One immediate goal is to clarify the dose range that provides neuroprotection without suppressing S100A9 so strongly that normal immune functions are compromised. That will require longer-term toxicity studies and careful monitoring of immune parameters in treated animals. The team is also investigating whether compound 10 can cross the blood brain barrier efficiently when delivered in forms that would be practical for patients, such as oral capsules or tablets, rather than injections used in early experiments.
On the scientific side, the researchers want to map out more precisely how S100A9 interacts with amyloid beta and other proteins in human brain tissue. They are analyzing post-mortem samples from people with different stages of Alzheimer’s disease to see how the S100A9 trap evolves over time and how it correlates with cognitive decline.
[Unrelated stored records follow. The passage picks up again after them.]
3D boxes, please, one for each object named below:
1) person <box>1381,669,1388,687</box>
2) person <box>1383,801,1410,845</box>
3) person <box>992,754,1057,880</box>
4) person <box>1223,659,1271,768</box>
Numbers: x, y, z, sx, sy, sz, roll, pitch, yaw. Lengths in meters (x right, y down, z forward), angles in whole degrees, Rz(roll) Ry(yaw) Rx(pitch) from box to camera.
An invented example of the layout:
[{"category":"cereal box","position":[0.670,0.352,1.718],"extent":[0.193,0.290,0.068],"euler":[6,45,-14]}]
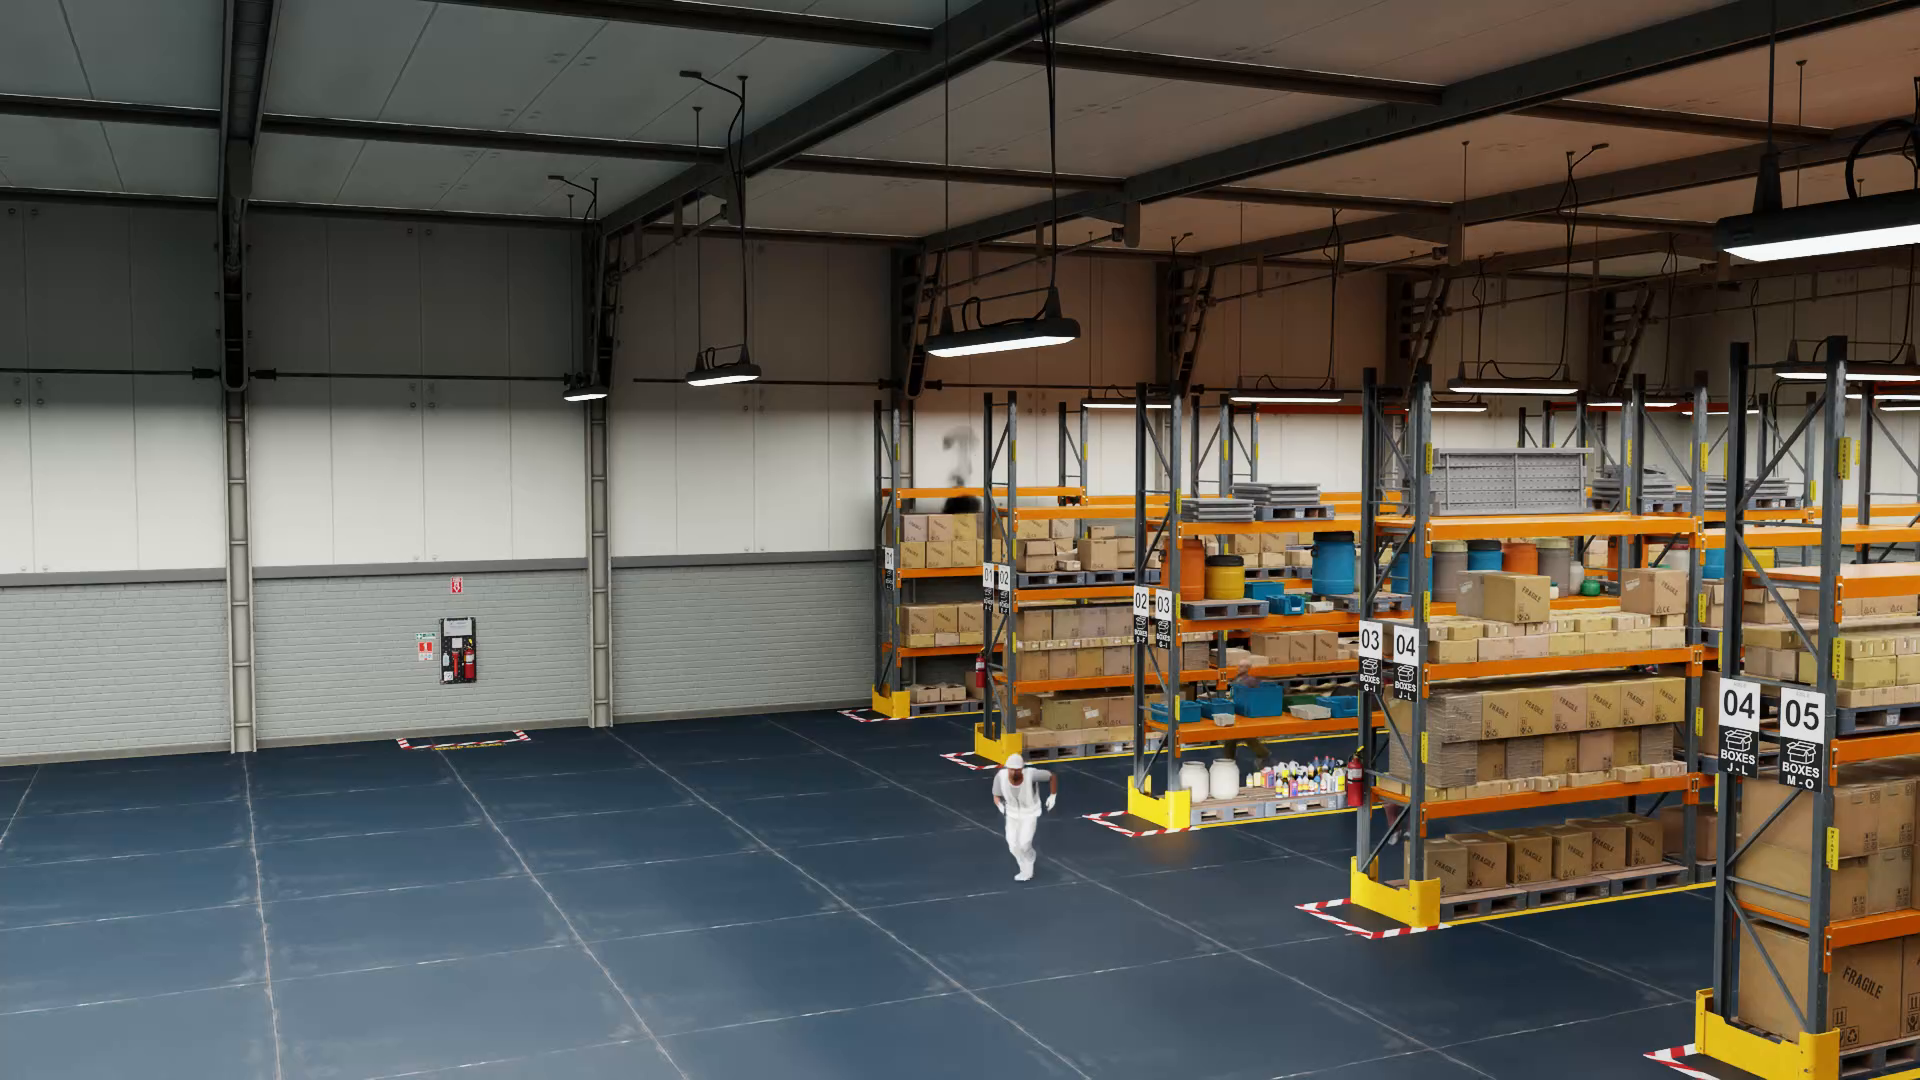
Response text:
[{"category":"person","position":[8.424,2.380,32.810],"extent":[0.786,1.777,0.647],"euler":[-1,3,-18]},{"category":"person","position":[5.747,3.092,21.454],"extent":[0.555,1.701,0.705],"euler":[3,4,41]},{"category":"person","position":[0.749,3.234,19.321],"extent":[0.720,1.592,0.893],"euler":[1,3,17]},{"category":"person","position":[4.431,2.850,25.961],"extent":[1.047,1.604,0.703],"euler":[-2,4,-33]}]

These studies could help define which patients are most likely to respond to a drug that targets this mechanism and when in the disease course such a therapy should be introduced.
In parallel, the group is exploring whether compound 10, or related molecules, might have relevance for other conditions where S100A9 is implicated, such as traumatic brain injury or certain inflammatory disorders. If the compound proves safe and effective in those contexts, it could strengthen the case for moving into larger, more expensive Alzheimer’s trials. It might also reveal side effects that need to be managed before any broad use in older adults who often have multiple health issues.